In [None]:
#https://www.codexa.net/kaggle-mercari-price-suggestion-challenge/
#https://www.kaggle.com/c/mercari-price-suggestion-challenge

In [None]:
import numpy as np
import pandas as pd
from sklearn.ensemble import RandomForestRegressor, RandomForestClassifier
from sklearn import metrics
from sklearn.model_selection import train_test_split

from IPython.display import display
pd.set_option('display.float_format', lambda x:'%.5f' % x)

In [None]:
#解凍の仕方は別で検索

#データタイプを指定
types_dict_train = {'train_id':'int64', 'item_condition_id':'int8', 'price':'float64', 'shipping':'int8'}
types_dict_test = {'test_id':'int64', 'item_condition_id':'int8', 'shipping':'int8'}
#tsvファイルからPandas DataFrameへ読み込み
train = pd.read_csv('train.tsv', delimiter='\t', low_memory=True, dtype=types_dict_train)
test = pd.read_csv('test.tsv', delimiter='\t', low_memory=True, dtype=types_dict_test)

In [None]:
#trainとtestの確認&要素の確認
train.head()
test.head()
#サイズを確認
train.shape
test.shape

In [None]:
#表示関数
def display_all(df):
    with pd.option_context("display.max_rows", 1000):
        with pd.option_context("display.max_columns", 1000):
            display(df)

#trainの基本統計量を表示
display_all(train.describe(include='all').transpose())

In [None]:
#カテゴリ名、商品説明、投稿タイトル、ブランド名のデータタイプを「category」へ変換
train.category_name = train.category_name.astype('category')
train.item_description = train.item_description.astype('category')
train.name = train.name.astype('category')
train.brand_name = train.brand_name.astype('category')

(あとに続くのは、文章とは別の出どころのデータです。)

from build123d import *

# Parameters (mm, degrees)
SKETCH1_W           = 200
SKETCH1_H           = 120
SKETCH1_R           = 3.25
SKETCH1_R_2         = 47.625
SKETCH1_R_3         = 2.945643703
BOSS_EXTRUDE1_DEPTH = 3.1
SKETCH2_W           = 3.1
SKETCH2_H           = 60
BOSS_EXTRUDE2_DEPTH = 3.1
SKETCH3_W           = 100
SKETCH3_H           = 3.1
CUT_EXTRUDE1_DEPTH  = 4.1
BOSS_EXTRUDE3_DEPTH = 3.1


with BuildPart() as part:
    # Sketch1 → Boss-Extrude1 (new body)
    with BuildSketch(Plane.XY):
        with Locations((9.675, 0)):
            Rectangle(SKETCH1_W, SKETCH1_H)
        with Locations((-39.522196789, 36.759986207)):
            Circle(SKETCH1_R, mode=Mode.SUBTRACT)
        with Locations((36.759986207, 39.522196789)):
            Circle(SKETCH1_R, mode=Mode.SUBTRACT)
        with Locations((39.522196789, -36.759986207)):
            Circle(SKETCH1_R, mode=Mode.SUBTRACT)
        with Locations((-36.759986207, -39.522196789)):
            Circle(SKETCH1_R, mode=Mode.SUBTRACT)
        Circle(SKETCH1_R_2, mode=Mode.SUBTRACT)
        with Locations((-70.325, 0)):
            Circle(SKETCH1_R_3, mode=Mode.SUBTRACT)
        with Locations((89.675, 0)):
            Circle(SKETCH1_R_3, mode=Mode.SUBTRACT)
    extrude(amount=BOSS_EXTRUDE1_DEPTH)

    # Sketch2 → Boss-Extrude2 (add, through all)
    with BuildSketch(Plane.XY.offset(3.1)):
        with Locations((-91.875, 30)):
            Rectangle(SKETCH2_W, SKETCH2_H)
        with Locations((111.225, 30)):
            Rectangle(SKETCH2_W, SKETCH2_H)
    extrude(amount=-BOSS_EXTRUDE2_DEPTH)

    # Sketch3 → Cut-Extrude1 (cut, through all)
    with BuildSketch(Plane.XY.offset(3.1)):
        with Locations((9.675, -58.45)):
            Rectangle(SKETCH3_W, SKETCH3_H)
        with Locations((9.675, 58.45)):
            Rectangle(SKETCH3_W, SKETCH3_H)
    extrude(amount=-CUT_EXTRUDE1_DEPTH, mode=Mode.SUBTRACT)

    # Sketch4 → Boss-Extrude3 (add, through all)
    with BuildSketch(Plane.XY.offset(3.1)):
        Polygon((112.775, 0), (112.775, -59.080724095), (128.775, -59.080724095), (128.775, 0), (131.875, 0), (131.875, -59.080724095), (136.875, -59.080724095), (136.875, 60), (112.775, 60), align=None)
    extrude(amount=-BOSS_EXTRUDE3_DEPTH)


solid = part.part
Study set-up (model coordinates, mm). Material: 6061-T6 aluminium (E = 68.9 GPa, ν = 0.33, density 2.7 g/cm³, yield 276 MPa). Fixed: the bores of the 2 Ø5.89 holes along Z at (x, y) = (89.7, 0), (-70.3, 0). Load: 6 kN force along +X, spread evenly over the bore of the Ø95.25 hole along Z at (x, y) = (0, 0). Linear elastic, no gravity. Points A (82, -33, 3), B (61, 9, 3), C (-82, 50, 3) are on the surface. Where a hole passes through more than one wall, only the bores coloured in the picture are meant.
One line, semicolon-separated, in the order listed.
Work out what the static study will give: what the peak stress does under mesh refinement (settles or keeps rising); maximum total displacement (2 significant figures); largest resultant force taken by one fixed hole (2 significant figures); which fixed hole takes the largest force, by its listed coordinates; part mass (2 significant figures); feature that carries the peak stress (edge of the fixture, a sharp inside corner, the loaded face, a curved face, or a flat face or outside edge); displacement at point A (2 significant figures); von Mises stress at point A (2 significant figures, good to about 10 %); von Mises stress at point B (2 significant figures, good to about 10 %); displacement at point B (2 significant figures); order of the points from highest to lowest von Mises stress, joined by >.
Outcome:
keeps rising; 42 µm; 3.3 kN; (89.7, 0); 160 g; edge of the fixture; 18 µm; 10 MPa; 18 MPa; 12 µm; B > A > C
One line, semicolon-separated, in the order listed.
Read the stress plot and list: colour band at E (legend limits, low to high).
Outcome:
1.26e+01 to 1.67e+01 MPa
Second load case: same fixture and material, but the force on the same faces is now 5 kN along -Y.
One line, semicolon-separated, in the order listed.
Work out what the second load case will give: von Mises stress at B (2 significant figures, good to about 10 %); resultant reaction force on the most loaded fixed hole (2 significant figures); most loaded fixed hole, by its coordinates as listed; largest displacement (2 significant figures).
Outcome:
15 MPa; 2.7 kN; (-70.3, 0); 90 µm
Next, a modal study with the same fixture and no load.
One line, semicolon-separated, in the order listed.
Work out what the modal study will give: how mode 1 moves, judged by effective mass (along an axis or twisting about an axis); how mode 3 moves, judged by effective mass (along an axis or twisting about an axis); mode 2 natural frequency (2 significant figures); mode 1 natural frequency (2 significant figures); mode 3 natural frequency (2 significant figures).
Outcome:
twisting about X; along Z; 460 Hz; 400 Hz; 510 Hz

test.category_name = test.category_name.astype('category')
test.item_description = test.item_description.astype('category')
test.name = test.name.astype('category')
test.brand_name = test.brand_name.astype('category')
 
#データ形式の確認
train.dtypes
test.dtypes

In [None]:
#ユニークな値の確認
train.apply(lambda x: x.nunique())

test.apply(lambda x: x.nunique())

In [None]:
#欠損データの個数と割合
train.isnull().sum()
train.isnull().sum()/train.shape[0]

test.isnull().sum()
test.isnull().sum()/test.shape[0]

In [None]:
#ここから事前処理

#trainとtestのデータを連結させる
#連結させたDataFrameの文字列のデータ形式を「cateogry」へ変換
#文字列を数値へ値を変換
#訓練用データの「price」をnp.log()で処理
#ランダムフォレスト用にxとy（ターゲット）で分ける

In [None]:
#idを変更
train = train.rename(columns = {'train_id':'id'})
test = test.rename(columns = {'test_id':'id'})
 
#TrainとTestを戻せるようコラム追加
train['is_train'] = 1
test['is_train'] = 0
 
#連結(Priceは除く)
train_test_combine = pd.concat([train.drop(['price'], axis=1),test],axis=0)
 
#確認
train_test_combine.head()
train_test_combine.shape

In [None]:
#文字列のデータタイプを「category」へ変換
#結合したものは別個で変換する必要がある
train_test_combine.category_name = train_test_combine.category_name.astype('category')
train_test_combine.item_description = train_test_combine.item_description.astype('category')
train_test_combine.name = train_test_combine.name.astype('category')
train_test_combine.brand_name = train_test_combine.brand_name.astype('category')
 
#文字列を数値へ変換する
#.cat.codesで数値変換ができる
train_test_combine.name = train_test_combine.name.cat.codes
train_test_combine.category_name = train_test_combine.category_name.cat.codes
train_test_combine.brand_name = train_test_combine.brand_name.cat.codes
train_test_combine.item_description = train_test_combine.item_description.cat.codes
 
#確認
train_test_combine.head()
train_test_combine.dtypes

In [None]:
#testとtrainを分割する
df_test = train_test_combine.loc[train_test_combine['is_train'] == 0]
df_train = train_test_combine.loc[train_test_combine['is_train'] == 1]
 
#判別用に作ったコラムを削除
df_test = df_test.drop(['is_train'], axis=1)
df_train = df_train.drop(['is_train'], axis=1)
 
#確認
df_test.shape
df_train.shape

In [None]:
#Priceを戻す
df_train['price'] = train.price
 
#正規化
df_train['price'] = df_train['price'].apply(lambda x: np.log(x) if x>0 else x)
 
#確認
df_train.head()

In [None]:
# x ＝ price以外の全ての値、y = price（ターゲット）で切り分ける
x_train = df_train.drop(['price'], axis=1)
y_train = df_train.price

# モデルの作成
m = RandomForestRegressor(n_jobs=-1, min_samples_leaf=5, n_estimators=200)
m.fit(x_train, y_train)
 
# スコアを表示
m.score(x_train, y_train)

In [None]:
#予測する
preds = m.predict(df_test)
 
#正規化を元に戻す
np.exp(preds)
 
#Numpy配列からpandasシリーズへ変換
preds = pd.Series(np.exp(preds))
 
#IDと予測値を連結
submit = pd.concat([df_test.id, preds], axis=1)
 
#メルカリの提出指定の名前をつける
submit.columns = ['test_id', 'price']
 
#CSVへ書き出し
submit.to_csv('submit_rf_base.csv', index=False)